Let me know if I can provide any more traces for you.

@stas00
Copy link
Contributor

stas00 commented Apr 18, 2021

So this looks more like an underflow, rather than overflow, as activations are tiny and you got nan and not inf and already at batch 2! So this is totally different from t5/mt5 problem.

In this case I will modify the code to print abs_min as well - we are probably going to see tiny-tiny numbers there.

How do I reproduce this?

@LouisCastricato
Copy link
Author

We are trying to find a minimal example for you that can be ran on a 3090.

@LouisCastricato
Copy link
Author

LouisCastricato commented Apr 19, 2021

The lowest we could make the memory requirement was 32GB. We sent you a login for an instance with 6x A100s.
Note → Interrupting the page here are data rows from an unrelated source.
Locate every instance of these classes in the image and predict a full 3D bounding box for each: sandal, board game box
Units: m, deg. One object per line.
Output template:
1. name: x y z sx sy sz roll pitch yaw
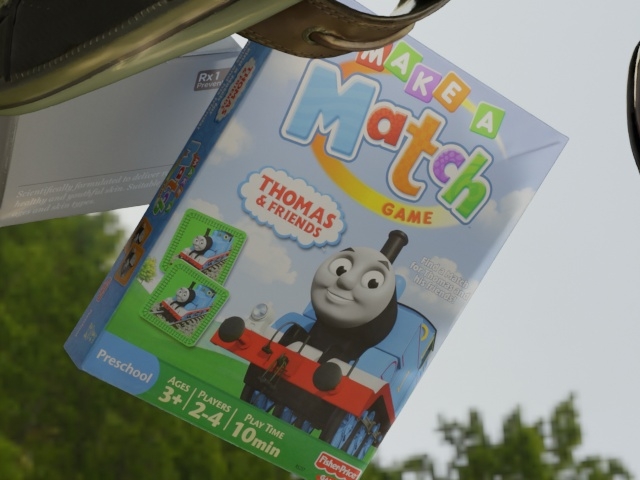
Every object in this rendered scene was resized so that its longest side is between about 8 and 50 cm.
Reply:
1. sandal: -0.008 -0.119 0.650 0.086 0.303 0.120 45 35 -56
2. board game box: 0.000 0.000 0.825 0.211 0.160 0.039 -59 -155 3

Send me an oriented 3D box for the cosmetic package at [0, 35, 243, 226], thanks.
1. cosmetic package: -0.156 -0.120 0.900 0.238 0.127 0.107 54 -42 35

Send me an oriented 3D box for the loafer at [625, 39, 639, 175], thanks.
1. loafer: 0.253 -0.025 0.975 0.095 0.109 0.302 108 -21 -55
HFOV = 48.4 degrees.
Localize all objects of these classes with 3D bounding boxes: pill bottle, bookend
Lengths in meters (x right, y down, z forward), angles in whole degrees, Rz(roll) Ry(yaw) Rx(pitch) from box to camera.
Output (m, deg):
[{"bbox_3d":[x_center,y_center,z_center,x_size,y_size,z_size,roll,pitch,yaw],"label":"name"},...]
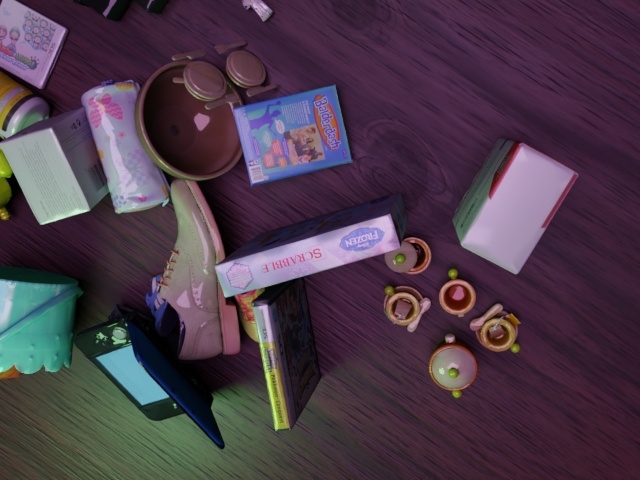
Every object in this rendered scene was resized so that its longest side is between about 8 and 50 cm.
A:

The command you need to run, under ~/visual-grounding/Training/ is

deepspeed --num_gpus 1 distill.py --deepspeed_config ds_config.json --debug

It should output NaN information after the first batch. It is a (semi) minimal example that uses a custom AR trainer, but it crashes before the first optimizer step. The code is (relatively) easy to follow without reading through any of the custom data loaders. We've already confirmed it works with GPT2-XL.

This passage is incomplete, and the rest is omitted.